Sept #3: THEODORE
“Difficulties are just things to overcome, after all,” said Ernest Shackleton, somewhere between Antarctic triumph and dying in South Georgia of an alcohol-induced heart attack. I wonder which end of that spectrum I’ll end up on?
I’ve always had a thing for cold, heroic exploration. Whether it’s a first-hand account of Scott’s final expedition to the South Pole in The Worst Journey in the World or the inescapable paranoia of John Carpenter’s The Thing, there’s something about the mad, unnecessary heroism of humans conquering the impossible that really gets me where it hurts.
I wouldn’t last five minutes in the Antarctic, but I do think Shackleton’s worth listening to. I like seeing problems as a challenge, though I should admit I’m a pathological fixer. I have actually practised the scene in Parks and Recreation where Chris Traeger, another pathological fixer, learns two very important words:
When your life’s been shredded, I hear, one way to deal with it is to look up at all the pieces floating down on you and actively decide which bits to catch. So here’s what AK and I plan to do next.
We’re going to do More Stuff with Cultist Simulator. It’s a great, flawed game that we can improve upon and shout about, proudly, to a lot more people than we have already. So you can expect more from that quarter over the next six to twelve months.
We’re working on a previously unannounced title, which we were working on before all this happened, and which goes back to Weather Factory’s specifically experimental roots. If it works, it’ll solve a really interesting creative problem AK’s been working on for years. If it doesn’t, we will understand why nobody’s managed to solve this problem yet and look a bit sheepish. It’ll also allow us to try a bunch of experimental developmental and marketing stuff, which is good when you’re personae non gratae outside the golden glow of the communal campfire. Us and the trash pandas. And Shackleton, if he likes.
We’re no longer able to work on multiple titles at once, but once this unannounced experimental game’s up and running, we’ll most likely return to BOOK OF HOURS. It’ll be a smaller beast than it was, comparable in size and imperfection to Cultist Simulator, but just as hygge and friendly. I’m too disappointed right now – in people, and the internet – to totally get on board with a kind, satisfying game about organising a magic library, but in twelve months’ time, I’ll be ready.
In the meantime, our “State of the Factory: Year 2” should make for interesting reading, if you’re into the business ramifications of pretty much the worst PR a small indie studio could have. AK may turn his hand to some non-game-specific writing, but again, we’ll see what happens.

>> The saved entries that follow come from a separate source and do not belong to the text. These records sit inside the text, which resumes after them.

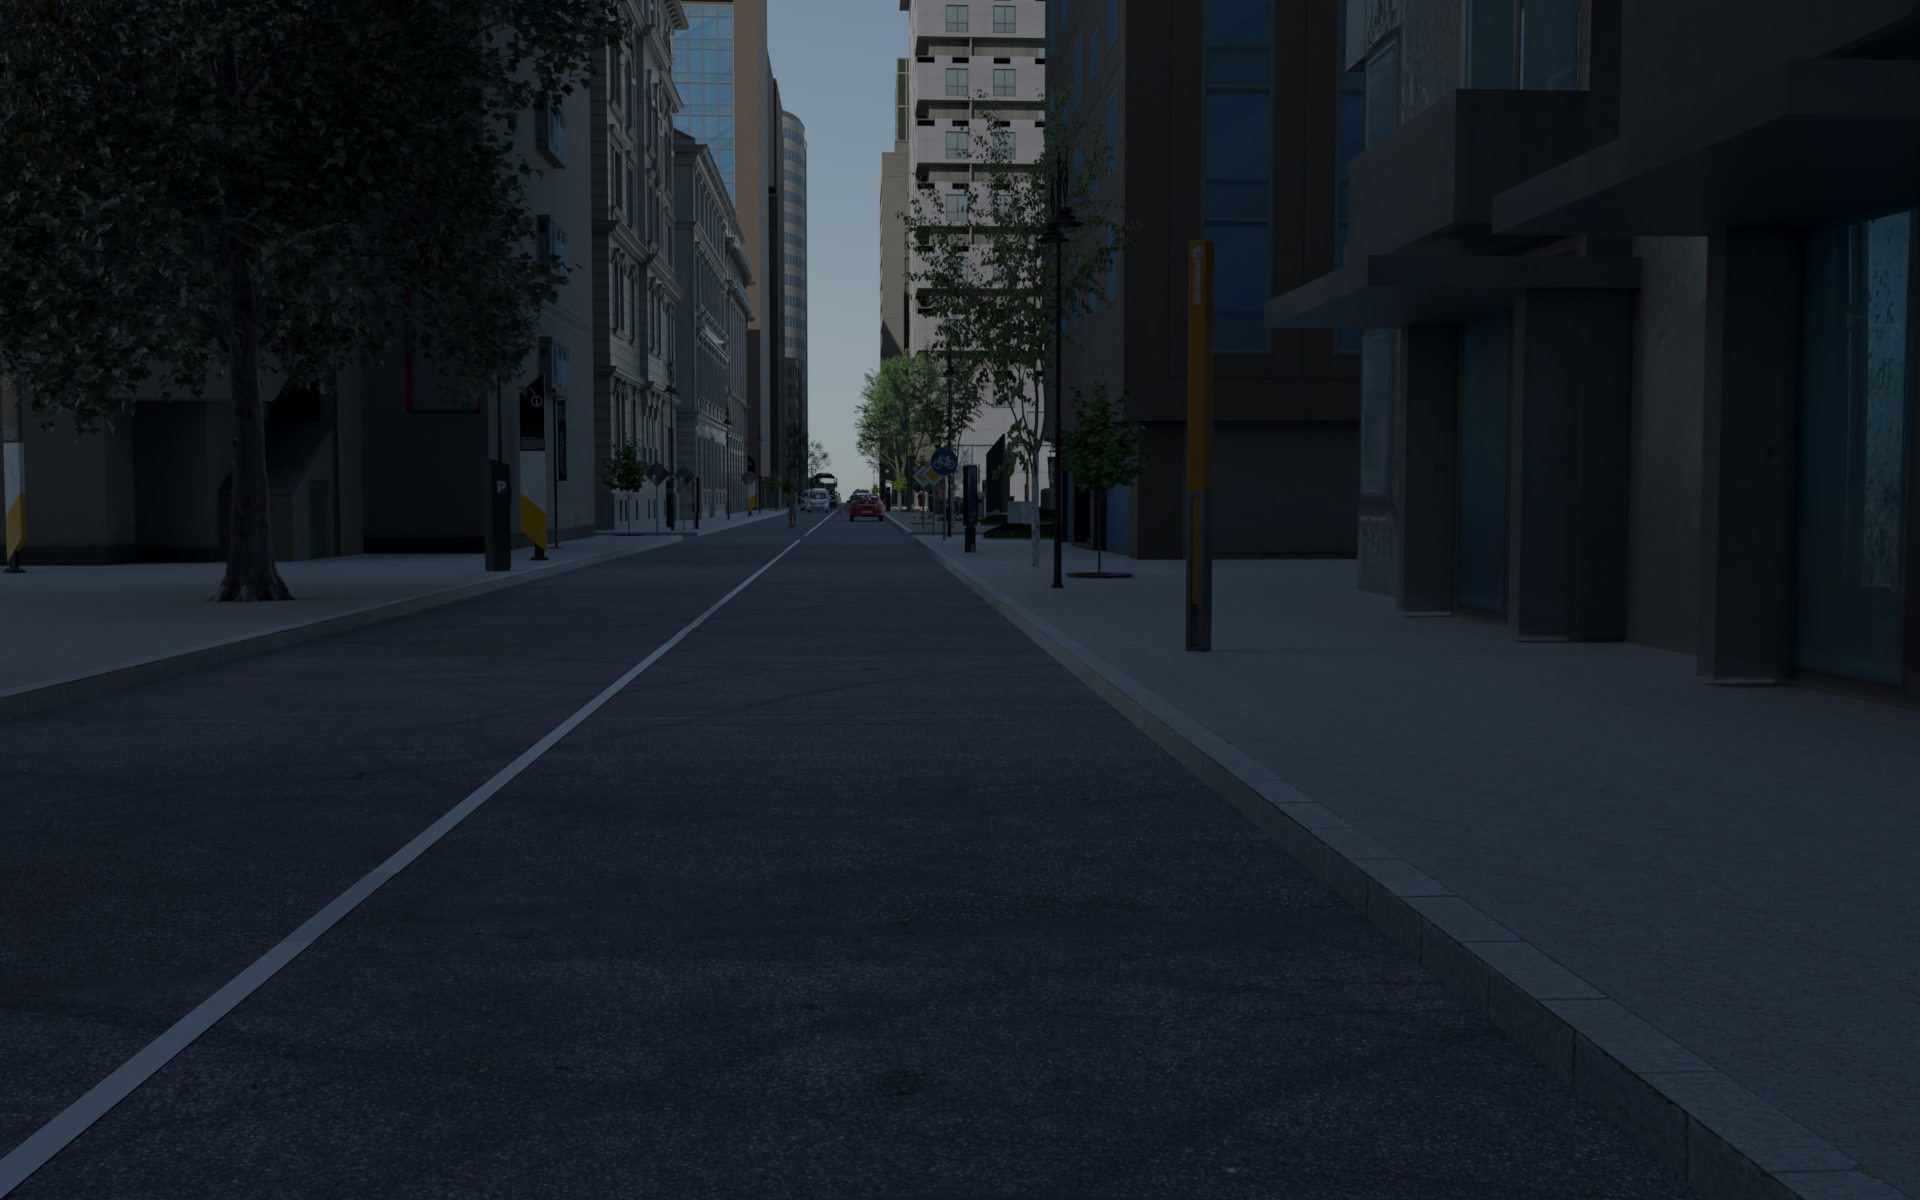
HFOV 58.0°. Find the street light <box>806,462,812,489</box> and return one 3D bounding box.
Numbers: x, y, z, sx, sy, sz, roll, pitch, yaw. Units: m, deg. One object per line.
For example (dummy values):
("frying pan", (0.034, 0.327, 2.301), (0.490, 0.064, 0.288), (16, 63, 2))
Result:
("street light", (-19.397, -15.093, 219.561), (0.468, 5.910, 1.993), (0, 4, -3))

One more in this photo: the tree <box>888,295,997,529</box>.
("tree", (-0.385, -6.966, 64.263), (4.360, 8.622, 3.978), (0, 3, 0))

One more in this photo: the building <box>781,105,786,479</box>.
("building", (-25.895, -32.604, 183.178), (14.600, 45.320, 14.200), (0, 4, -3))

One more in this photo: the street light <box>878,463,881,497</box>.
("street light", (-8.230, -12.963, 184.731), (0.468, 5.910, 1.993), (0, 4, -3))

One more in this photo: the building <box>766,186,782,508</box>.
("building", (-23.451, -23.469, 155.426), (14.160, 30.474, 14.107), (0, 4, -3))

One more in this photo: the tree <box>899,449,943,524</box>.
("tree", (-1.578, -4.869, 74.209), (1.663, 3.219, 1.824), (0, 3, 0))

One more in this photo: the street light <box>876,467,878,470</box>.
("street light", (-9.853, -14.596, 211.424), (0.468, 5.910, 1.993), (0, 4, -3))

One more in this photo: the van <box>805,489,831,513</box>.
("van", (-10.935, -7.731, 133.407), (2.013, 2.044, 4.112), (0, 4, -3))

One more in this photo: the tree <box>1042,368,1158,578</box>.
("tree", (2.178, -1.957, 26.597), (1.663, 3.219, 1.824), (0, 3, 0))

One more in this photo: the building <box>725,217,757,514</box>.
("building", (-21.005, -16.800, 116.482), (13.314, 21.916, 24.055), (0, 4, -3))

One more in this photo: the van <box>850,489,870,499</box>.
("van", (-8.463, -8.707, 149.377), (2.013, 2.044, 4.112), (0, 4, -5))

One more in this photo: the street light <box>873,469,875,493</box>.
("street light", (-11.535, -16.401, 240.938), (0.468, 5.910, 1.993), (0, 4, -3))

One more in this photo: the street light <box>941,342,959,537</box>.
("street light", (-0.318, -4.823, 51.640), (0.468, 5.910, 1.993), (0, 4, -3))

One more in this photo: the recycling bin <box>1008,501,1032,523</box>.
("recycling bin", (2.168, -2.968, 61.088), (0.722, 1.027, 0.722), (-3, 4, -36))

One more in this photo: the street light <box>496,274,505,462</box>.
("street light", (-8.203, -3.549, 30.815), (0.468, 5.910, 1.993), (0, 4, -3))

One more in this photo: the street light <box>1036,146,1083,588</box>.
("street light", (1.336, -3.103, 23.524), (0.468, 5.910, 1.993), (0, 4, -3))

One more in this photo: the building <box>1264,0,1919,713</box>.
("building", (15.554, -23.840, 9.386), (23.786, 49.044, 30.456), (0, 4, -3))

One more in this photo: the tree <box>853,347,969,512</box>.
("tree", (-3.441, -11.954, 121.198), (9.928, 11.665, 9.643), (0, 3, 0))

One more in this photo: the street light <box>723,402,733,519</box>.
("street light", (-11.691, -7.003, 87.289), (0.468, 5.910, 1.993), (0, 4, -3))

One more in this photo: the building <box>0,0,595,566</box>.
("building", (-20.850, -25.432, 39.522), (21.600, 48.544, 21.300), (0, 4, -3))

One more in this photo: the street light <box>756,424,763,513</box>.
("street light", (-13.229, -8.656, 114.315), (0.468, 5.910, 1.993), (0, 4, -3))

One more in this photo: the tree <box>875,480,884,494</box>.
("tree", (-7.473, -11.466, 182.077), (1.663, 3.219, 1.824), (0, 3, 0))

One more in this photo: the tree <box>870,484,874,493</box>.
("tree", (-14.018, -17.833, 286.168), (1.663, 3.219, 1.824), (0, 3, 0))

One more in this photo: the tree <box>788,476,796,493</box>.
("tree", (-16.684, -10.517, 166.561), (1.663, 3.219, 1.824), (0, 3, 0))

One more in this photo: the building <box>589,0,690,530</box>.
("building", (-19.044, -17.345, 70.978), (14.401, 28.519, 23.554), (0, 4, -3))

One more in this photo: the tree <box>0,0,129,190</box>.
("tree", (-8.031, -3.770, 11.999), (4.360, 8.622, 3.978), (0, 3, 0))

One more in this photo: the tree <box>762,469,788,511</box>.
("tree", (-14.500, -8.520, 133.907), (1.663, 3.219, 1.824), (0, 3, 0))

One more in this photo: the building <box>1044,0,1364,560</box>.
("building", (9.597, -23.814, 39.472), (14.600, 45.320, 14.200), (0, 4, -3))

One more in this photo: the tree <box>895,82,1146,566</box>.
("tree", (1.097, -4.902, 30.511), (4.737, 8.622, 4.395), (0, 3, 0))

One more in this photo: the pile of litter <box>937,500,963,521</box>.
("pile of litter", (-0.484, -4.174, 82.206), (1.176, 0.858, 1.719), (-3, 4, -37))

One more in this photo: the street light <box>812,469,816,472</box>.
("street light", (-21.080, -16.726, 246.250), (0.468, 5.910, 1.993), (0, 4, -3))

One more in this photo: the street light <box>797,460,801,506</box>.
("street light", (-17.711, -13.328, 190.695), (0.468, 5.910, 1.993), (0, 4, -3))

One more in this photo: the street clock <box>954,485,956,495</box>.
("street clock", (-0.469, -7.816, 132.364), (0.358, 2.002, 0.471), (0, 4, -6))

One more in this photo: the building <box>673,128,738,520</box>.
("building", (-18.558, -15.771, 94.005), (11.583, 22.565, 21.152), (0, 4, -3))

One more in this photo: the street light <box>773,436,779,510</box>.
("street light", (-14.593, -10.060, 137.269), (0.468, 5.910, 1.993), (0, 4, -3))

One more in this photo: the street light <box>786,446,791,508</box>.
("street light", (-16.188, -11.693, 163.963), (0.468, 5.910, 1.993), (0, 4, -3))

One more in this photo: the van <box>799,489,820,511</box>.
("van", (-12.919, -8.732, 149.773), (2.013, 2.044, 4.112), (0, 4, -3))

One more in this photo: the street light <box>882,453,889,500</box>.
("street light", (-6.645, -11.316, 157.806), (0.468, 5.910, 1.993), (0, 4, -3))

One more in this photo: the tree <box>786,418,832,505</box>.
("tree", (-19.825, -16.993, 212.251), (8.767, 10.594, 7.601), (-1, 4, -11))

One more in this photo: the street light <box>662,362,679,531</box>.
("street light", (-10.087, -5.370, 60.595), (0.468, 5.910, 1.993), (0, 4, -3))

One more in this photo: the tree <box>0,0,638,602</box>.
("tree", (-8.671, -6.345, 20.747), (9.611, 12.733, 9.660), (0, 3, 0))

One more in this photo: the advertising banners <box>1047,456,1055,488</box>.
("advertising banners", (4.769, -5.112, 79.767), (0.090, 3.025, 2.074), (-3, 5, -44))

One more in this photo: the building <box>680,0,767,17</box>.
("building", (-22.856, -30.015, 140.855), (14.600, 45.320, 14.200), (0, 4, -3))

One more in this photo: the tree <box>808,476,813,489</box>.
("tree", (-24.766, -18.904, 292.794), (4.285, 4.588, 4.351), (0, 3, 0))

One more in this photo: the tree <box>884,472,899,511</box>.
("tree", (-4.334, -8.352, 131.158), (1.663, 3.219, 1.824), (0, 3, 0))

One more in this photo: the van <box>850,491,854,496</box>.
("van", (-15.423, -15.419, 259.114), (2.013, 2.044, 4.112), (0, 4, -4))

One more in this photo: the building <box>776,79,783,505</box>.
("building", (-25.346, -31.737, 169.012), (14.600, 45.320, 14.200), (0, 4, -3))

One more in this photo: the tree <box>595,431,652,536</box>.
("tree", (-10.183, -3.585, 53.217), (1.663, 3.219, 1.824), (0, 3, 0))

I don’t think we’re what Jon Ronson called ‘the brutal nadir’. But I’ve done a lot of reading on the subject, from Cybersmile to the UK government’s advice on workplace bullying to Crash Override. So I’m slowly beginning to understand what happened here, and can start making plans for the future again. Weather Factory’s road leads on, and if it isn’t the same golden path it used to be, there are still a few mad-eyed birbs in the underbrush which keep it worth the walking.